YOUR OBJECTIVE: The expected result is the run of lines from the one containing "- car (3,208,37,212)" to the end of the listing, copied exactly.
.....
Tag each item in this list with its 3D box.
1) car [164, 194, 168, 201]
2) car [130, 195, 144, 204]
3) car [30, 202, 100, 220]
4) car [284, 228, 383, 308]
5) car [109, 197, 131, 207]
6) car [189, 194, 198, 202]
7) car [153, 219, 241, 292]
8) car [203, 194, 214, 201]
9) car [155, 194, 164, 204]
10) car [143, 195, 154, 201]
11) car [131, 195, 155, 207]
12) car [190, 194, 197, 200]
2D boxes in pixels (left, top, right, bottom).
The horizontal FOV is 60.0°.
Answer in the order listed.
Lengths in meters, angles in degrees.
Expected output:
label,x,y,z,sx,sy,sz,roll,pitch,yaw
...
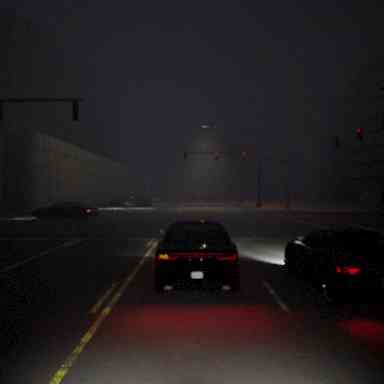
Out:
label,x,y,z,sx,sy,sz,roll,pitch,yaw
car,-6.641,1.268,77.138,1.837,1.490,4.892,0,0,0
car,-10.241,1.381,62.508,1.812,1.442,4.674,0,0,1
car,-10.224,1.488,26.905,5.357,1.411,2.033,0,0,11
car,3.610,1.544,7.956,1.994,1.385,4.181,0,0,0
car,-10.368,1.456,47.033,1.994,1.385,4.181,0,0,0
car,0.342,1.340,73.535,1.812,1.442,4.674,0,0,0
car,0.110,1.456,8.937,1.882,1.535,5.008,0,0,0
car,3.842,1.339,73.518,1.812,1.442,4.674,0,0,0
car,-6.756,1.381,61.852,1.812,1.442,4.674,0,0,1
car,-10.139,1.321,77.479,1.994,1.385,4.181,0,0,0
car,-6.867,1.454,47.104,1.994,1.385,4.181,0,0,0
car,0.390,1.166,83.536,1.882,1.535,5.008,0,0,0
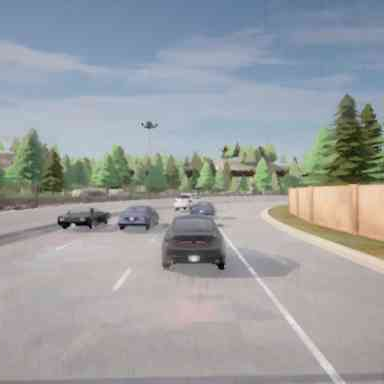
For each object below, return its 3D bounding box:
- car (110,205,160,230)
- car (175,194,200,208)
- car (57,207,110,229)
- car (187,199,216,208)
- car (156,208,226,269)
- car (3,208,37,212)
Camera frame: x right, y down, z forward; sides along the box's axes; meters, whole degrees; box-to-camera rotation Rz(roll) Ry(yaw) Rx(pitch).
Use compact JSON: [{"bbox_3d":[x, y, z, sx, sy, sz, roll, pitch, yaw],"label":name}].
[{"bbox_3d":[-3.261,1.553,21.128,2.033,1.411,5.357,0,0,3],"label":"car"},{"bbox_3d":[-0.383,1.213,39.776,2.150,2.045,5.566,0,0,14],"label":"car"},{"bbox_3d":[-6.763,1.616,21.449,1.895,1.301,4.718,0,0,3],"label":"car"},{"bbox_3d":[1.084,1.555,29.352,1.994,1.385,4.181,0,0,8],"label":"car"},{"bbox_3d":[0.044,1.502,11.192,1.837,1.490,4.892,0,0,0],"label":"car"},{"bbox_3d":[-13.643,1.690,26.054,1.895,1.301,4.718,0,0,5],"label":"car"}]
.....
WRITTEN REPLY:
- car (3,208,37,212)
Camera frame: x right, y down, z forward; sides along the box's axes; meters, whole degrees; box-to-camera rotation Rz(roll) Ry(yaw) Rx(pitch).
Use compact JSON: [{"bbox_3d":[x, y, z, sx, sy, sz, roll, pitch, yaw],"label":name}].
[{"bbox_3d":[-3.261,1.553,21.128,2.033,1.411,5.357,0,0,3],"label":"car"},{"bbox_3d":[-0.383,1.213,39.776,2.150,2.045,5.566,0,0,14],"label":"car"},{"bbox_3d":[-6.763,1.616,21.449,1.895,1.301,4.718,0,0,3],"label":"car"},{"bbox_3d":[1.084,1.555,29.352,1.994,1.385,4.181,0,0,8],"label":"car"},{"bbox_3d":[0.044,1.502,11.192,1.837,1.490,4.892,0,0,0],"label":"car"},{"bbox_3d":[-13.643,1.690,26.054,1.895,1.301,4.718,0,0,5],"label":"car"}]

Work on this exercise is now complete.